> **WHAT YOU NEED TO DO**:
Lines of the material that include the string "around" should be returned.

> **SUPPLIED RECORDS**:
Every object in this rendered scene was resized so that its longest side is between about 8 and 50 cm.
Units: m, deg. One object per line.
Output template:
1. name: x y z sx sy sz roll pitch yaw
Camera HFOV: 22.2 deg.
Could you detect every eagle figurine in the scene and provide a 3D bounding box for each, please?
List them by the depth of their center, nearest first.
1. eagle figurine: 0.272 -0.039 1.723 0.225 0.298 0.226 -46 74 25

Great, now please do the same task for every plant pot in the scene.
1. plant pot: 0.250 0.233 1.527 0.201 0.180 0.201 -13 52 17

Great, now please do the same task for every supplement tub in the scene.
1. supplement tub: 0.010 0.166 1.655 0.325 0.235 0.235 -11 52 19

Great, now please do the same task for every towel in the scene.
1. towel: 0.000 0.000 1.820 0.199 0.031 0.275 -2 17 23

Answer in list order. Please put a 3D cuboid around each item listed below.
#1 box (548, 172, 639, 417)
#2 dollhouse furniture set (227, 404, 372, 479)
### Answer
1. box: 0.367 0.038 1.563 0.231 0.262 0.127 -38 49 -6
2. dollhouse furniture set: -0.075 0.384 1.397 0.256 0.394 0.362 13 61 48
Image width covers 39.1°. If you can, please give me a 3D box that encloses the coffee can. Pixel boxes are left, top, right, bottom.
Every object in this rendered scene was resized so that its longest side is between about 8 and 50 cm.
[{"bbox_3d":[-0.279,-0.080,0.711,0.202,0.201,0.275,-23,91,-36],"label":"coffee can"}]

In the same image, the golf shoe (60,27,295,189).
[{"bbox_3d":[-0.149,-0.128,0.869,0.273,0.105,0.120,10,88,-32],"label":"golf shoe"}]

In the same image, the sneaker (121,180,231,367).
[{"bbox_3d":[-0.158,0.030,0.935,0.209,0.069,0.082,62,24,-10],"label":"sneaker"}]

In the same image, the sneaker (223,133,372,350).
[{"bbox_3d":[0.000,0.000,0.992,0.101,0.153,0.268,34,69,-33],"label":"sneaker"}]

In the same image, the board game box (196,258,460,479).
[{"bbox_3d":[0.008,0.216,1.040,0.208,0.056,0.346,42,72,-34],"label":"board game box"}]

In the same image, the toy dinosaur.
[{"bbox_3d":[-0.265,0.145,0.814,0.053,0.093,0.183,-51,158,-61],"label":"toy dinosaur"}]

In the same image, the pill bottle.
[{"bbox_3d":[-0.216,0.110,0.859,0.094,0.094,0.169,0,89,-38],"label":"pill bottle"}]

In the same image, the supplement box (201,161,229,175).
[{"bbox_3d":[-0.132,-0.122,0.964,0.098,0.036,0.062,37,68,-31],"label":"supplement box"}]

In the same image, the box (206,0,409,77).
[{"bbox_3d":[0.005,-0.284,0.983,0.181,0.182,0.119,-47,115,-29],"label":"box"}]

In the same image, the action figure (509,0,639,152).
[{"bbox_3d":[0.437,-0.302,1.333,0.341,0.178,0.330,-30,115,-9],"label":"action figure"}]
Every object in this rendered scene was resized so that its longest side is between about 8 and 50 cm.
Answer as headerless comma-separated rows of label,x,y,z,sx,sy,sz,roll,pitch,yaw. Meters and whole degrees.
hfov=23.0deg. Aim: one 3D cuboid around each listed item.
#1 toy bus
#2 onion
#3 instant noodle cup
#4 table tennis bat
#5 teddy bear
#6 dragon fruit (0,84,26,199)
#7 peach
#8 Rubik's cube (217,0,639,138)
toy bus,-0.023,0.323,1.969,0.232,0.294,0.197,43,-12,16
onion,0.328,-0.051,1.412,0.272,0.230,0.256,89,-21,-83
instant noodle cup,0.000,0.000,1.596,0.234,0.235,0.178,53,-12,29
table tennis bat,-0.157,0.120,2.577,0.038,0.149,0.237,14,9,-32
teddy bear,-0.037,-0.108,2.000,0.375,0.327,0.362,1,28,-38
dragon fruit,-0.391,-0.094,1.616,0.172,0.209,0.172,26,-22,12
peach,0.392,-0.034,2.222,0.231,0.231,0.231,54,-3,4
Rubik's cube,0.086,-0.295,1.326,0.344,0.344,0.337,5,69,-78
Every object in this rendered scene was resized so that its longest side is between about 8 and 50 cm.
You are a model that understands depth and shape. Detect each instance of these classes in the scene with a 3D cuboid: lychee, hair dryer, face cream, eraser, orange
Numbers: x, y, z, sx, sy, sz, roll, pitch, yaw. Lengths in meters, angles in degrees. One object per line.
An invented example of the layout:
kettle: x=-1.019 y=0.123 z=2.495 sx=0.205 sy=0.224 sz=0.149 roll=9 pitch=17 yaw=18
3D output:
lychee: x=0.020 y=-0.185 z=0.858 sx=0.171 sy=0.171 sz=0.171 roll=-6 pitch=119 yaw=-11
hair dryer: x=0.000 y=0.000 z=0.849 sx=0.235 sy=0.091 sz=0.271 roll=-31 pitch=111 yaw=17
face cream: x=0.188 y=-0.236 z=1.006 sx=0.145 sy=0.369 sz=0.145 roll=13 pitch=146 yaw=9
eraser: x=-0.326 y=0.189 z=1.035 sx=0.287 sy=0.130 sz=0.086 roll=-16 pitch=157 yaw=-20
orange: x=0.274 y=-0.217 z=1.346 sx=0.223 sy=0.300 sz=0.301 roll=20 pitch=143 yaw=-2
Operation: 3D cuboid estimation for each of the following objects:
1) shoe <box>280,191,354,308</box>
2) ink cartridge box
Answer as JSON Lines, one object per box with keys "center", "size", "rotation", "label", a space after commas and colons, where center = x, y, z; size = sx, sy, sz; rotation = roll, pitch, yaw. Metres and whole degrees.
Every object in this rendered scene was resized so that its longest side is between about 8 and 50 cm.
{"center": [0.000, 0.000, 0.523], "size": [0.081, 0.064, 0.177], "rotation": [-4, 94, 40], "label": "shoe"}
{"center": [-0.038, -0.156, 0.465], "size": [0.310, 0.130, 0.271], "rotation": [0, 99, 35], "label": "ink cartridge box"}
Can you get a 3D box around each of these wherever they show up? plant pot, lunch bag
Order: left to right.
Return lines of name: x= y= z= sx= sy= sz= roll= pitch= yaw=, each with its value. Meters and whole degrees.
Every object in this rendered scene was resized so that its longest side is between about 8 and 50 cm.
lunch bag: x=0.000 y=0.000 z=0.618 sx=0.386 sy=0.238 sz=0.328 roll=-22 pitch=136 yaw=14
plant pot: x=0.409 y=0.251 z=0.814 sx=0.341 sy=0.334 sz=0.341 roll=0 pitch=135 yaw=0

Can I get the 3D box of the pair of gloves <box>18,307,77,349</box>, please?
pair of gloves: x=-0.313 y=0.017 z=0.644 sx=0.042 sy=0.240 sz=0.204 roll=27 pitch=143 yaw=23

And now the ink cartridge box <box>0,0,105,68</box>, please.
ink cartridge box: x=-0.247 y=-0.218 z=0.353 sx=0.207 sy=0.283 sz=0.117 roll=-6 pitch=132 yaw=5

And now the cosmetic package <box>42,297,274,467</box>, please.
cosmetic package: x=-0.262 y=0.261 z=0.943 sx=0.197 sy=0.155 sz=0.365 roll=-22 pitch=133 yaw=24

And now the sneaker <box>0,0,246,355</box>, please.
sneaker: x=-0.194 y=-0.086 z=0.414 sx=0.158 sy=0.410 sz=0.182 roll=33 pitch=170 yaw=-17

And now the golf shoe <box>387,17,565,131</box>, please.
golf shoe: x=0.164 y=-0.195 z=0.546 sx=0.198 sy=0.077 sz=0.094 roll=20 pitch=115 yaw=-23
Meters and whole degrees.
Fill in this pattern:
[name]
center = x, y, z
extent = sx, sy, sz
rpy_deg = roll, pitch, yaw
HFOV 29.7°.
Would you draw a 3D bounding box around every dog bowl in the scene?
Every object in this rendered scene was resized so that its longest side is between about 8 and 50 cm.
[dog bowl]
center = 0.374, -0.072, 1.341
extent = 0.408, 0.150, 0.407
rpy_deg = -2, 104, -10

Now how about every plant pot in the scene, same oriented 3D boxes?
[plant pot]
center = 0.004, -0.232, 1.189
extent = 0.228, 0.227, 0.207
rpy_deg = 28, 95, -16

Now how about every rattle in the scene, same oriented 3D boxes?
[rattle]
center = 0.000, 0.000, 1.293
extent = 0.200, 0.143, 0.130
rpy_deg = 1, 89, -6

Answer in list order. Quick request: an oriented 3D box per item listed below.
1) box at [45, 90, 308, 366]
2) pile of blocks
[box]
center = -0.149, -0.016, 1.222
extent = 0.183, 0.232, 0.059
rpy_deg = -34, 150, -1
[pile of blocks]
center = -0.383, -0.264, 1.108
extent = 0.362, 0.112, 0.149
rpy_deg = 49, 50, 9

> **WORKED SOLUTION**:
Answer in list order. Please put a 3D cuboid around each item listed below.
hfov=23.0deg. Aim: one 3D cuboid around each listed item.
Can you get a 3D box around each of these wherever they show up? plant pot, lunch bag
Would you draw a 3D bounding box around every dog bowl in the scene?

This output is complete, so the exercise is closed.